Premiership football clubs subject to repeated hacking attempts – NCSC report

The body identified attacks resulting in everything from blocked turnstiles, hacked transfer deals and fraudulent equipment sales among a raft of incidents targeting the sports sector.

In a new analysis, the NCSC found that at least 70 per cent of sports institutions suffered a cyber incident at least every 12 months and urged them to implement more robust cyber-security measures.

It highlighted a case where the emails of a Premier League team's managing director were hacked before transfer talks, resulting in the £1m fee nearly falling into the hands of the hackers.

In another incident, the turnstiles of a football club were brought to a standstill by a hack nearly leading to the cancellation of a match, while a member of staff at a racecourse lost £15,000 in a scam involving a sale on a fake version of eBay.

The report did not identify specific clubs and individuals or who could be behind the attacks.

Paul Chichester, director of operations at the NCSC, said: “Sport is a pillar of many of our lives and we’re eagerly anticipating the return to full stadiums and a busy sporting calendar.

“While cyber security might not be an obvious consideration for the sports sector as it thinks about its return, our findings show the impact of cyber criminals cashing in on this industry is very real.

“I would urge sporting bodies to use this time to look at where they can improve their cyber security – doing so now will help protect them and millions of fans from the consequences of cyber crime.”

Sir Hugh Robertson, chair of the British Olympic Association, said in the report: “Improving cyber security across the sports sector is critical. The British Olympic Association sees this report as a crucial first step, helping sports organisations to better understand the threat and highlighting practical steps that organisation should take to improve cyber-security practices.”

In its report the NCSC said that approximately 30 per cent of incidents caused direct financial damage, averaging £10,000 each time with the biggest single loss amounting to more than £4m.

Over 70 per cent of those surveyed have experienced one cyber incident or breach in the past year – 30 per cent have recorded over five incidents during the same period.

Over 80 per cent have online business systems – such as ticketing – which process thousands of financial transactions.

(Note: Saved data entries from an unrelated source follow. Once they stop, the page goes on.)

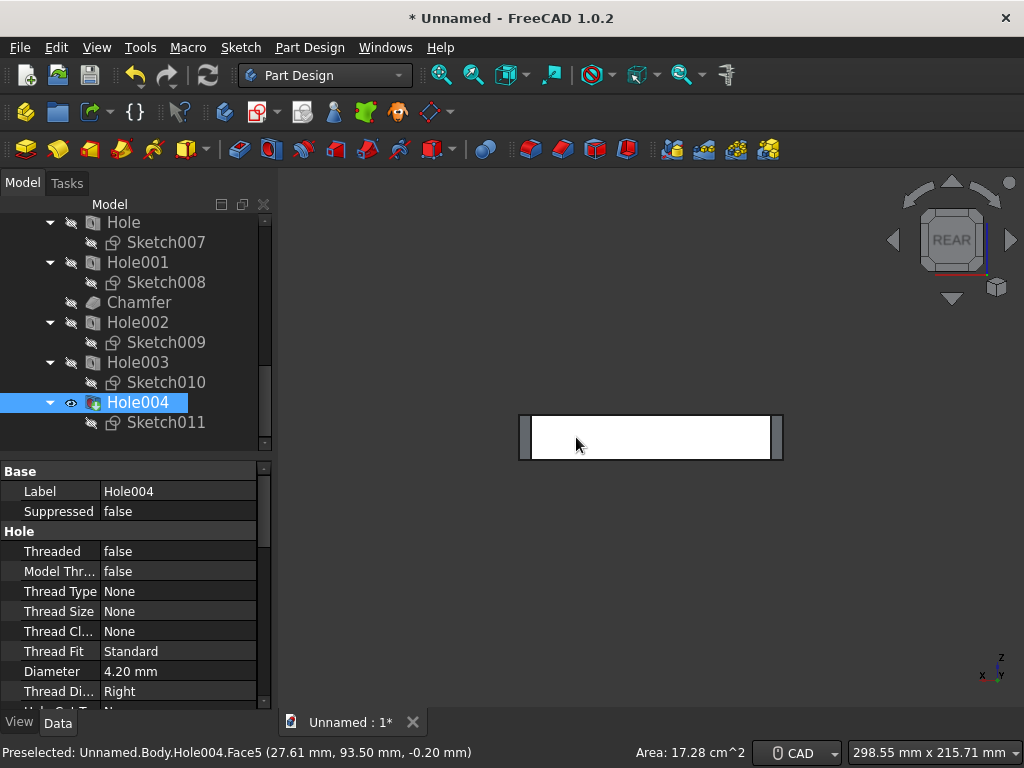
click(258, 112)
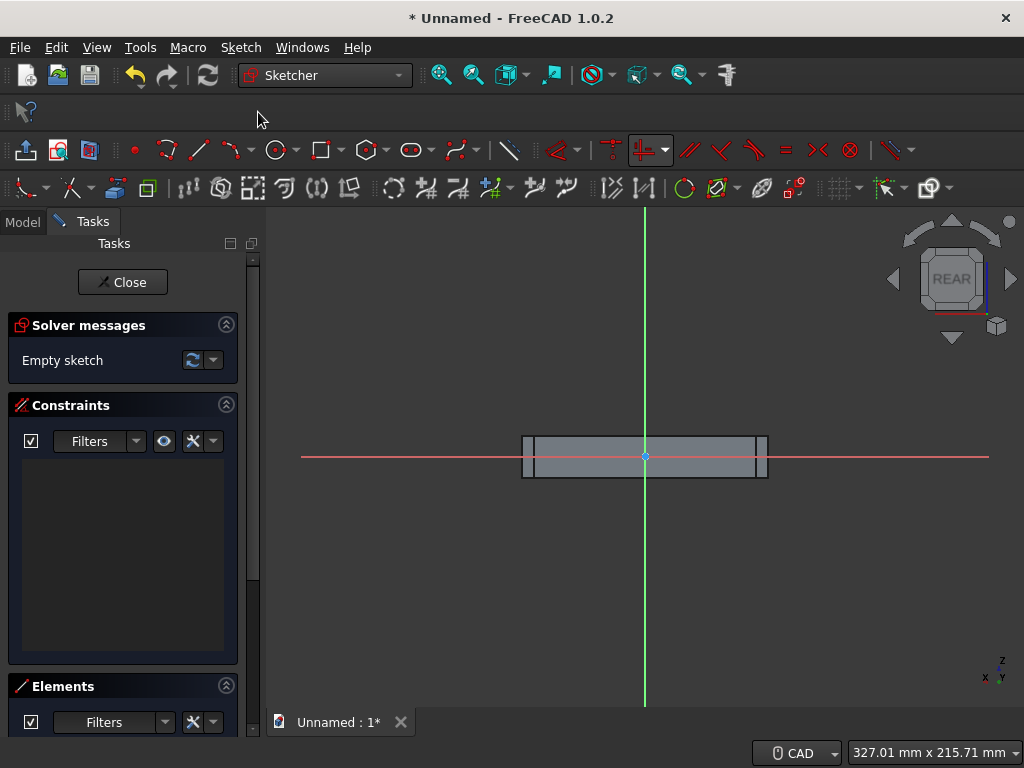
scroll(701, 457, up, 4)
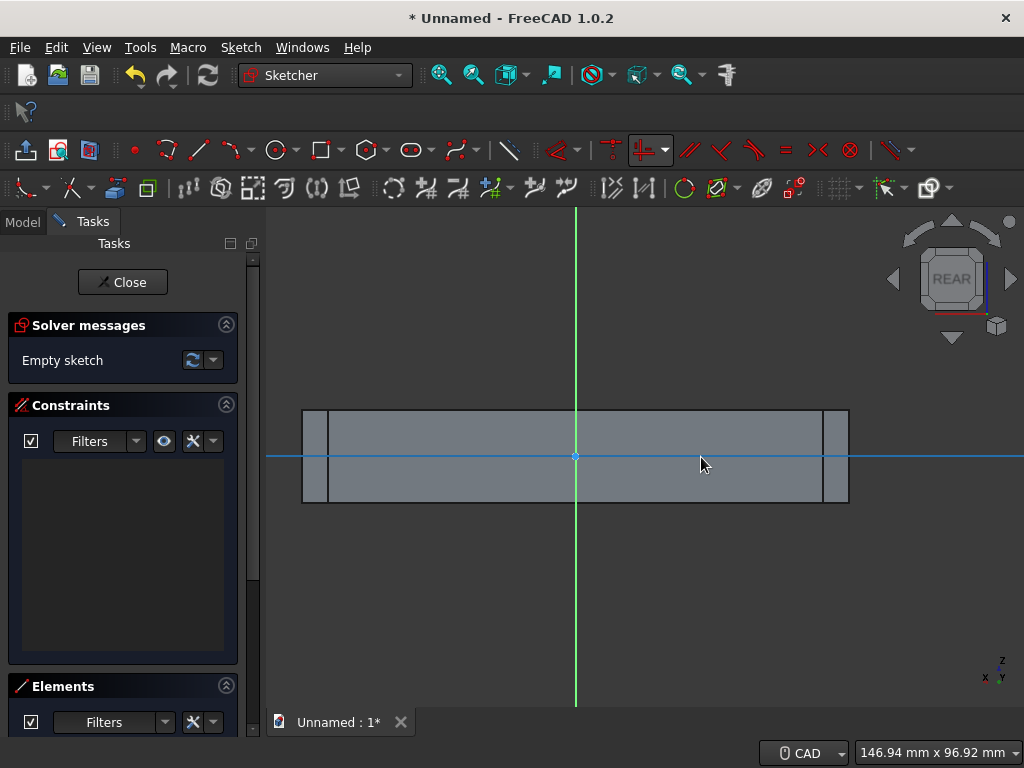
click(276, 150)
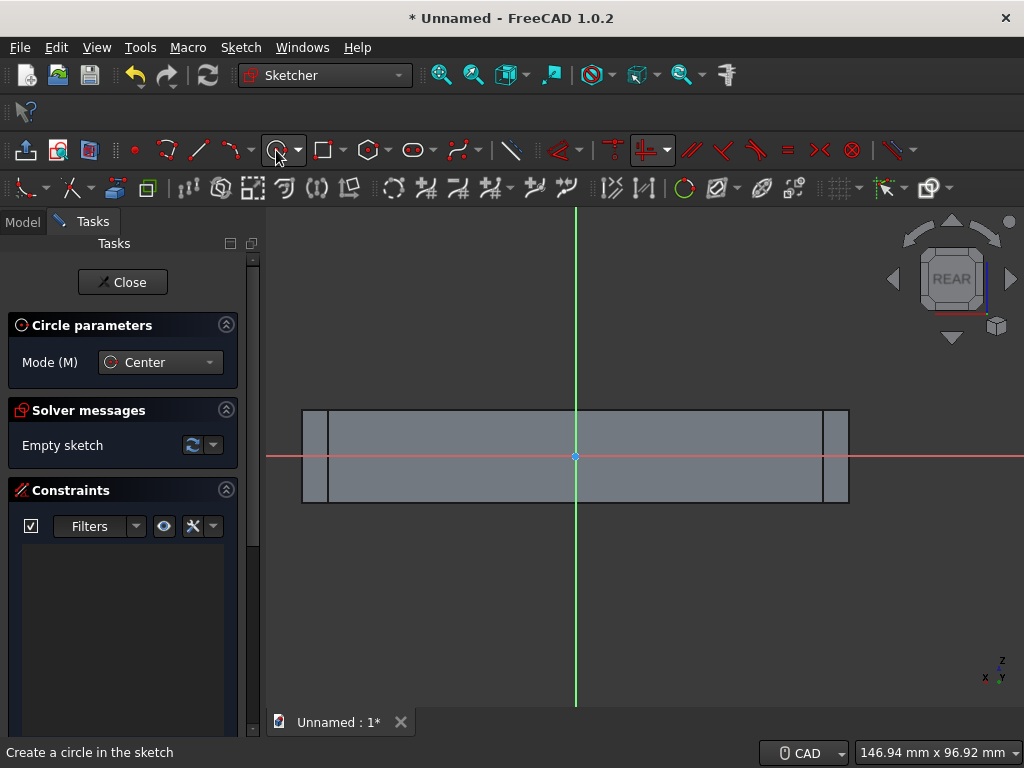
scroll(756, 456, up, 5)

Ed Macnair, CEO of cloud security firm Censornet, said: “It is hardly shocking that at least 70 per cent of sports organisations have experienced an incident or cyber breach given the prevalence of cyber attacks today.

“Sports organisations need to adopt email security that combines content analysis, threat intelligence and executive name-checking to efficiently protect themselves. Additionally, multi-factor authentication can help to protect compromised user accounts from being used for account takeover and other business email compromise scams.”